Leader of the Opposition of the National Assembly of Bhutan
- In office September 2020 – 3 February 2024
- Preceded by: Pema Gyamtsho
- Succeeded by: Pema Chewang

Member of the National Assembly of Bhutan
- In office 2008–2024
- Constituency: Panbang

Minister for Labour and Human Resources
- In office 2008–2013
- Prime Minister: Jigme Thinley
- Preceded by: Ugyen Tshering
- Succeeded by: Ngeema Sangay Tshempo

Personal details
- Born: 15 August 1969 (age 56) Karmabi, Goshing Gewog, Zhemgang District, Bhutan
- Party: Druk Phuensum Tshogpa

= Dorji Wangdi =

Bhutanese politician

Dorji Wangdi (born 15 August 1969) is a Bhutanese politician who has been the leader of the Bhutan Peace and Prosperity Party since 2020, and a member of the National Assembly of Bhutan, from 2008 to 2024. He is former the Opposition leader of Bhutan after the resignation of Pema Gyamtsho from active politics.

==Education==
He received an Honours Bachelor of Commerce degree from Sherubtse College, Bhutan. He completed his Master of Business Administration from Maastricht School of Management, Netherlands.

==Political career==
Wangdi was elected for the first time to the National Assembly of Bhutan from Panbang constituency in 2008 Bhutanese National Assembly election on DPT seat and received 2,217 votes.

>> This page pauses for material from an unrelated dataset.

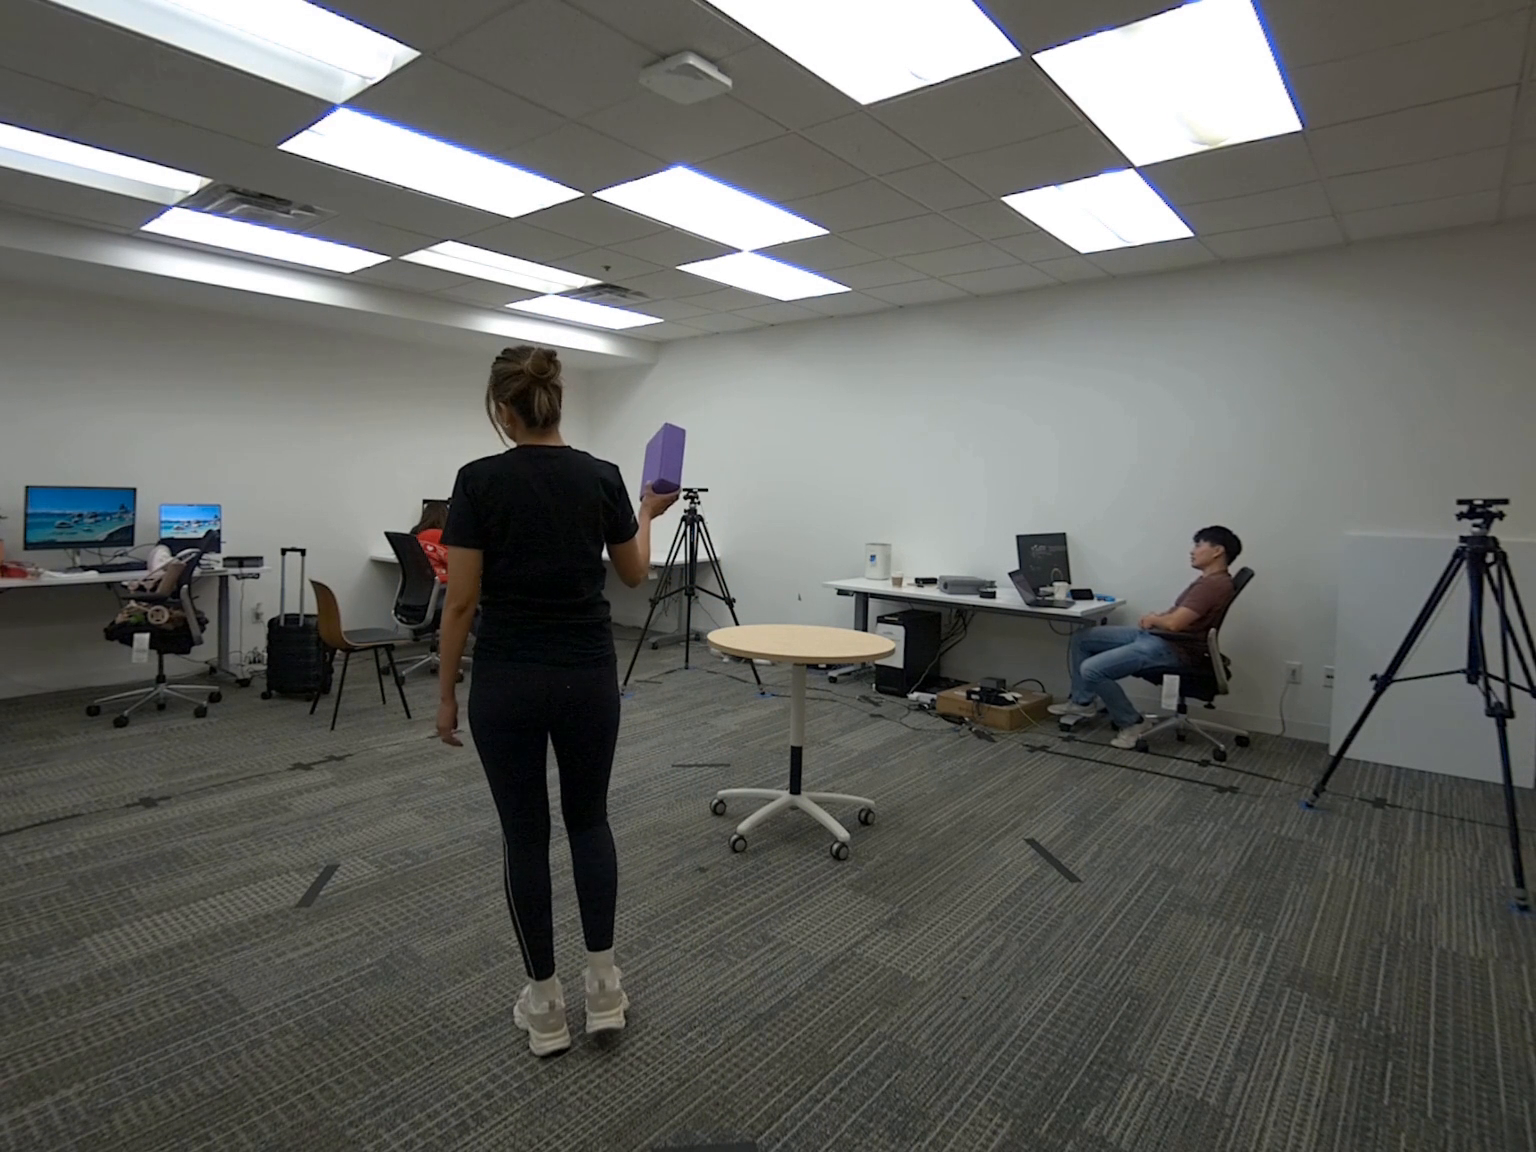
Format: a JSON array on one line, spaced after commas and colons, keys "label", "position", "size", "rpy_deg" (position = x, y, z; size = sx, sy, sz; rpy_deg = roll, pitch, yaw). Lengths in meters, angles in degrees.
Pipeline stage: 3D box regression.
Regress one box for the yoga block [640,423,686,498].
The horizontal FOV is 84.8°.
[{"label": "yoga block", "position": [-0.332, -0.349, 2.653], "size": [0.074, 0.235, 0.149], "rpy_deg": [18, -35, -24]}]

He was re-elected to the National Assembly of Bhutan as a candidate of DPT from Panbang constituency in the 2013 Bhutanese National Assembly election. He received 1,904 votes and defeated Tshering, a candidate of PDP and served as the Minister for Labour and Human Resources in Prime Minister Jigme Thinley's cabinet.

He was elected for the third time as a candidate of DPT to the National Assembly of Bhutan from Panbang constituency in 2018 Bhutanese National Assembly election. He received 2,984 votes and defeated Tshering, a candidate of DNT.